This may be something very simple, but I really got stuck.
Let $G$ be a group and $F$ be a field. We define the set of all maps $F^G$ from $G$ to $F$.
We say that a character of $G$ in $F$ is a function $\sigma:G\longrightarrow F$ (i.e. $\sigma \in F^G$) such that
1) $\forall x,y\in G: \ \sigma (xy)=\sigma(x)\sigma(y).$
2) $\forall x\in G: \ \sigma (x)\neq 0_F$.
In other words $\sigma \in F^G$ is a character of $G$ in $F$ if $\sigma:G\longrightarrow U(F)=F^*$ is a group homomorphism (where $U(F)$ is the multiplicative group of the field $F$).
My question is why these are equivalent?
Obviously if $\sigma:G\longrightarrow F$ is a character then is $\sigma:G\longrightarrow U(F)$ is a group homomorphism.

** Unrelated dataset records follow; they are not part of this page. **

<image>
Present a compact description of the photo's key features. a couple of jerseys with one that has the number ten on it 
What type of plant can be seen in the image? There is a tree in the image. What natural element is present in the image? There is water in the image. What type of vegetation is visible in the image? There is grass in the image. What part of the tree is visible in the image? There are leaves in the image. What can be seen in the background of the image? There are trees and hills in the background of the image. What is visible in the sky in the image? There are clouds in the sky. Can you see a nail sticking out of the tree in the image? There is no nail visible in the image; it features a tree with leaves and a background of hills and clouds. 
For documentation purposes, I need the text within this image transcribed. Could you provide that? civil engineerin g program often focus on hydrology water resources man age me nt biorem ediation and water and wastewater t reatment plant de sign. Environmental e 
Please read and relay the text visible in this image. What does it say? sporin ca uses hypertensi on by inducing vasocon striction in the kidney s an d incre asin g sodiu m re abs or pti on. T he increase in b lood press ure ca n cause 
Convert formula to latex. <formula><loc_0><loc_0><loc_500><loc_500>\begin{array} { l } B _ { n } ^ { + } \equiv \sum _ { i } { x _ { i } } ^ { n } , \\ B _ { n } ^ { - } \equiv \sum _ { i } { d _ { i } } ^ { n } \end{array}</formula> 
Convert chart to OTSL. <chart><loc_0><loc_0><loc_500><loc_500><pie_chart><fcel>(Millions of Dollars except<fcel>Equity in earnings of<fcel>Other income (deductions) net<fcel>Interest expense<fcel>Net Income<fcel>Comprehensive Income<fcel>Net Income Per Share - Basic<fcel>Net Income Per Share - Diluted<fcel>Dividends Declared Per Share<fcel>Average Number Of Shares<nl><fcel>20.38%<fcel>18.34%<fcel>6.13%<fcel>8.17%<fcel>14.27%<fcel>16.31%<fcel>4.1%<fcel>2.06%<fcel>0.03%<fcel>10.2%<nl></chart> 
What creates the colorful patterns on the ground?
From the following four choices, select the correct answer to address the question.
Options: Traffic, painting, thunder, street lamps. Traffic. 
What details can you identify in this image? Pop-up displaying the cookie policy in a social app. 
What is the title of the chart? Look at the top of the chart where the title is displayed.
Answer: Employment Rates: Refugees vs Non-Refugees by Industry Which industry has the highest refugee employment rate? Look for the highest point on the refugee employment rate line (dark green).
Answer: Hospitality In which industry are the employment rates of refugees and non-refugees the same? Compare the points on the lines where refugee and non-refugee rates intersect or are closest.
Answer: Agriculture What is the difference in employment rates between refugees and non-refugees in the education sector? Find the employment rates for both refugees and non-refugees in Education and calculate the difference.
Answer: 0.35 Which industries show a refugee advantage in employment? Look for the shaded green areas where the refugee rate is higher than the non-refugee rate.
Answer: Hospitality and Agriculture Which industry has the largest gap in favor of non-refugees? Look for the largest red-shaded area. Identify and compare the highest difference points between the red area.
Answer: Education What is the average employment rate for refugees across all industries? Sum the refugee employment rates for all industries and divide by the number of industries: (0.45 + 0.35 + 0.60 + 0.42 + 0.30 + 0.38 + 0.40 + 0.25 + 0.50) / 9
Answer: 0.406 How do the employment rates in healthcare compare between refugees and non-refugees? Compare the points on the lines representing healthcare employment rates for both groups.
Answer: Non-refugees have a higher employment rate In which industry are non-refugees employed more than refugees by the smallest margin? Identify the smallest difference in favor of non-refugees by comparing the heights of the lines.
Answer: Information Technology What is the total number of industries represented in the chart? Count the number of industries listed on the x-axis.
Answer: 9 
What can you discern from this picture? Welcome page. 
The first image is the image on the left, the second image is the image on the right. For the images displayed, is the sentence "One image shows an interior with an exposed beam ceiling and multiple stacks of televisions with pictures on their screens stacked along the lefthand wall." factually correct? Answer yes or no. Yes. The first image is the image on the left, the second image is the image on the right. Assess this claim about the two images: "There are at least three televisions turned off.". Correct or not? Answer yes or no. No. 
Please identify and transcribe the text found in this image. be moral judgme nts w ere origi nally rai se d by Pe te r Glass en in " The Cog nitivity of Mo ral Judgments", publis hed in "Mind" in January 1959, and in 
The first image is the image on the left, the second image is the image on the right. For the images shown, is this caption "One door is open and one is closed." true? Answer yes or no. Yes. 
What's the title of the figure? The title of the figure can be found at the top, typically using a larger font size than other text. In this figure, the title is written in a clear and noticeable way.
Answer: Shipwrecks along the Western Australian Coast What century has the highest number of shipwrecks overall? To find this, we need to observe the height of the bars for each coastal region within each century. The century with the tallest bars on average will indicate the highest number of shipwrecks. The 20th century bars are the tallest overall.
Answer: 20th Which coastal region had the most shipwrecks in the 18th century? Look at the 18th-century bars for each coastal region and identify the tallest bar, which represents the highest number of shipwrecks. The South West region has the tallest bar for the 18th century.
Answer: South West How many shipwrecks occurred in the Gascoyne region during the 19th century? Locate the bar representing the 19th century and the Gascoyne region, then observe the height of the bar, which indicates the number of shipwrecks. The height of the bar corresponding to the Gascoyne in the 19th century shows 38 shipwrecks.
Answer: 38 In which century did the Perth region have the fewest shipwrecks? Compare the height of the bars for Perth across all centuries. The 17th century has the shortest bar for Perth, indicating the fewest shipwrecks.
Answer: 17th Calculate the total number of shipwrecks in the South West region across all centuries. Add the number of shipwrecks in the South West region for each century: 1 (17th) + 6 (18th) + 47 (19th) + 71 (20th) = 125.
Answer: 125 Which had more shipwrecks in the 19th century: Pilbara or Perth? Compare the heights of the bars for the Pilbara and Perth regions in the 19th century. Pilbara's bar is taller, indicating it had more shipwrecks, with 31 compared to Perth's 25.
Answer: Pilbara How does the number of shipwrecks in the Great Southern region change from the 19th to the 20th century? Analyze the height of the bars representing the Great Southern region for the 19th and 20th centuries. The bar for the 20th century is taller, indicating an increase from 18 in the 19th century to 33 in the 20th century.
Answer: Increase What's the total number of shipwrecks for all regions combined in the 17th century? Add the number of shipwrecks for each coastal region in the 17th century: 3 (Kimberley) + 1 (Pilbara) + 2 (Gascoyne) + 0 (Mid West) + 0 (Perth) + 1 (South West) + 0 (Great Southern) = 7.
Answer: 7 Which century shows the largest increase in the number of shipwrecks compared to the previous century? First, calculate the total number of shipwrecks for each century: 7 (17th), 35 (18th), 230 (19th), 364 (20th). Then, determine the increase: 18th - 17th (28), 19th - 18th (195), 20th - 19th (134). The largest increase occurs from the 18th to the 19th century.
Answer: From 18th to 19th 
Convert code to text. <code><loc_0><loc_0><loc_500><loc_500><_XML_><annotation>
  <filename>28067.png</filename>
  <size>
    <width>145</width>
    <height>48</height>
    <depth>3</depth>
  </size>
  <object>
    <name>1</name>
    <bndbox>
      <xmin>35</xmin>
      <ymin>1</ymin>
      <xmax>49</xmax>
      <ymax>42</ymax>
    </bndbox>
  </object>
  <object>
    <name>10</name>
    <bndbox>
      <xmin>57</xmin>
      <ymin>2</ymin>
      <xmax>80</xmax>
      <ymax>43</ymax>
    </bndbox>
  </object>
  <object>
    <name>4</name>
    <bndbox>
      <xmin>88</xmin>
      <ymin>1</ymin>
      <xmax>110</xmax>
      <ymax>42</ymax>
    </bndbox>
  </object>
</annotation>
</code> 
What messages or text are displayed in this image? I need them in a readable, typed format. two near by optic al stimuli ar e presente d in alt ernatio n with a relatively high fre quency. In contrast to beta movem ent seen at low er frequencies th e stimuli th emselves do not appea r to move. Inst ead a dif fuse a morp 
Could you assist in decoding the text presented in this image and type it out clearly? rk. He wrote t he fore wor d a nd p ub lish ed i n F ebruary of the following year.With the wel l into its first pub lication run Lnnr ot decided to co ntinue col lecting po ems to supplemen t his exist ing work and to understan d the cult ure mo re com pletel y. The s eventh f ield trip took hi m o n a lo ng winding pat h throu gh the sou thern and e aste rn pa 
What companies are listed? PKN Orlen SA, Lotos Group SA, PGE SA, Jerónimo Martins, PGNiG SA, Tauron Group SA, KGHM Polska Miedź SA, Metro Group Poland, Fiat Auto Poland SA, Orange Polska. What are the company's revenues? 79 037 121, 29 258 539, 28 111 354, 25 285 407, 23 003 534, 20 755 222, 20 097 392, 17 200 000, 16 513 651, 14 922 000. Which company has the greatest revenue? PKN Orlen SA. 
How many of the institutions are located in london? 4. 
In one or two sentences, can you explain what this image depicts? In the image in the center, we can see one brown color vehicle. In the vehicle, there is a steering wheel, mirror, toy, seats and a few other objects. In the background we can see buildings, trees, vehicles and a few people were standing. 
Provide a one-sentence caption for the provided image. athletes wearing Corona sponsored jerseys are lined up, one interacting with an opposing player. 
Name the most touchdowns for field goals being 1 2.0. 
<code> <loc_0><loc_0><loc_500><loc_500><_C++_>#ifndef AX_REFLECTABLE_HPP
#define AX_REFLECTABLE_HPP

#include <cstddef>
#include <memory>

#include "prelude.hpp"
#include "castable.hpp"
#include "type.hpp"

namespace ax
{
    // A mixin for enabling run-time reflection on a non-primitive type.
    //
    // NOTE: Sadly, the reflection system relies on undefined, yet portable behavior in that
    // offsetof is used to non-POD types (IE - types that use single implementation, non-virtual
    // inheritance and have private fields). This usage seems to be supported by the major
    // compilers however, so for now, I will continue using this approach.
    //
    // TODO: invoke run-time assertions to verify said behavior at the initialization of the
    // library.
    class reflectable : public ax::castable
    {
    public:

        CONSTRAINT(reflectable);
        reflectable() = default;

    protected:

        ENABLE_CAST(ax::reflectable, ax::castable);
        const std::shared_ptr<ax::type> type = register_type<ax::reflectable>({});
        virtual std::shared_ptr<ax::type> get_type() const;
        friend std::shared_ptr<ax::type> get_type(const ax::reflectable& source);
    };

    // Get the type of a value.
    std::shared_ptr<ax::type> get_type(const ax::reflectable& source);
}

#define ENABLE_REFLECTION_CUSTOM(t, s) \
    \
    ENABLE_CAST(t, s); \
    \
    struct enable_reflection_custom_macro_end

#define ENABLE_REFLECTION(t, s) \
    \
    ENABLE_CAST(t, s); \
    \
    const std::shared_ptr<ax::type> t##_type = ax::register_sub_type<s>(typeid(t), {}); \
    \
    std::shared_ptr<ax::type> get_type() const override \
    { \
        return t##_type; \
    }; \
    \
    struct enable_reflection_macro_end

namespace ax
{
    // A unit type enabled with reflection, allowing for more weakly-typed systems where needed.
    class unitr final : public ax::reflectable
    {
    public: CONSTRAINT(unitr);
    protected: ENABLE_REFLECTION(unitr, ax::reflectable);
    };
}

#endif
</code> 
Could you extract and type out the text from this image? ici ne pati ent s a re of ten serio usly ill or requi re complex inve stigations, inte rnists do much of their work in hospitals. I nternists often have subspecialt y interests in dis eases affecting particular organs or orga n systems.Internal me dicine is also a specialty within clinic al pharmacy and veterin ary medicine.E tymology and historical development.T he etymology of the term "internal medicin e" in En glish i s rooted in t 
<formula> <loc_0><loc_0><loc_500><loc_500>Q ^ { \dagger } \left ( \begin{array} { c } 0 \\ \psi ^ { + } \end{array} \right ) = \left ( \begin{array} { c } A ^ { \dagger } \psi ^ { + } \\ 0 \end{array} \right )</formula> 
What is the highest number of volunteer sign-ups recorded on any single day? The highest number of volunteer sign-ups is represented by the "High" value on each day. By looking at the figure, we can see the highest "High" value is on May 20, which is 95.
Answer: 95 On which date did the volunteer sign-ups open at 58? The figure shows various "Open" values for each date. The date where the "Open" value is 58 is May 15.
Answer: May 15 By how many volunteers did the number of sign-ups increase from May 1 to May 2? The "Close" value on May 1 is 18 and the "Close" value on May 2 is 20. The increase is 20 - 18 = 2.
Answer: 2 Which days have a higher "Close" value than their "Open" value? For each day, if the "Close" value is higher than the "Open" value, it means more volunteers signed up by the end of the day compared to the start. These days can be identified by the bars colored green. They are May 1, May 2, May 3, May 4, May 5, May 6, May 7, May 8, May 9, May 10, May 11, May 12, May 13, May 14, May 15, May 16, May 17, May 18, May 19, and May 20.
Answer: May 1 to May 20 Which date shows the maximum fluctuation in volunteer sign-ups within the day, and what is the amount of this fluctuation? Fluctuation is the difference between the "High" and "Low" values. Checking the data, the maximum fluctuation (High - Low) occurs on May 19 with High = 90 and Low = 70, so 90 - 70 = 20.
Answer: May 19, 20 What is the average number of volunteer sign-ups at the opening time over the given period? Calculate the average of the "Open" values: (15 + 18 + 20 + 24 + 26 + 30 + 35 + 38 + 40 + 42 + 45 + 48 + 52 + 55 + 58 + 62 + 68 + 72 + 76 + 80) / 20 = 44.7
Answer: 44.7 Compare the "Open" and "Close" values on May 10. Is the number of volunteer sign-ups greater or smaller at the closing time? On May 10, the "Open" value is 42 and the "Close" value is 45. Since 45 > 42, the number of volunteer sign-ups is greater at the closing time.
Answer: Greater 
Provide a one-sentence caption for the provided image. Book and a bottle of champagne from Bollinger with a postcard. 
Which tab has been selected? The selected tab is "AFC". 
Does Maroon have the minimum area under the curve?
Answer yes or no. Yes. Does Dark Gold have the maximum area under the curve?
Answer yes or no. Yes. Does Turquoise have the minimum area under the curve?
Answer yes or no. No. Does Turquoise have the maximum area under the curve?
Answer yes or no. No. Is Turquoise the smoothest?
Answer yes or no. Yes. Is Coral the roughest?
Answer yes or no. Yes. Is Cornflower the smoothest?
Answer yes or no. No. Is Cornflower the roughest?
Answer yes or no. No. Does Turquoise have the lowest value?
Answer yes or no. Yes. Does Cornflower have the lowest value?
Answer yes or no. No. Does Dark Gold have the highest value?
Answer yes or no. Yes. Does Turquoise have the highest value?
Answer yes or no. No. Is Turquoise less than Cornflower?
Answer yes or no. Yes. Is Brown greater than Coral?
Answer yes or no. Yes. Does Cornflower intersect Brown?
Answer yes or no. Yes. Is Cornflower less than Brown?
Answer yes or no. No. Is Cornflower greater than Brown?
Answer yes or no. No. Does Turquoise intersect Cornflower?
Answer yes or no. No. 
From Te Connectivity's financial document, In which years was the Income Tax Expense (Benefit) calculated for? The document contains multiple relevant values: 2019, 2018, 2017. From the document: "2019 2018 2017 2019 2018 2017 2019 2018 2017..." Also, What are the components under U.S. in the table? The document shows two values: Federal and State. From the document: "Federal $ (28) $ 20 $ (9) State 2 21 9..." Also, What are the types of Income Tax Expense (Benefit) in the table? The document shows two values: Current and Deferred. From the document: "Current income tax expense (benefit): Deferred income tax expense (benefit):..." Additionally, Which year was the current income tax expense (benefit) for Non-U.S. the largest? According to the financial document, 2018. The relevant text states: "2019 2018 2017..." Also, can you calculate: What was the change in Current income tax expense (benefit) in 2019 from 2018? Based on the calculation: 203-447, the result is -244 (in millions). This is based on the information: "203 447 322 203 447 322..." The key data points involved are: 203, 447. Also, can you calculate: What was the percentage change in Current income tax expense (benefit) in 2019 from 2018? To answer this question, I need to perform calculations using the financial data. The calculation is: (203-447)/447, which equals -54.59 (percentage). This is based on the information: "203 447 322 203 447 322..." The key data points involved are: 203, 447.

And what about the converse?
Let's suppose that $\sigma:G\longrightarrow U(F)$ is a group homomorphism. Then 1) is immediate. But why $\sigma(x)\neq 0_F,\ \forall x\in G$?
If $\sigma: G \rightarrow U(F)$, then $\sigma(x)$ can not be $0_F$, since $0_F$ is not an element of $U(F)$, yielding 2). This finishes the proof of the converse.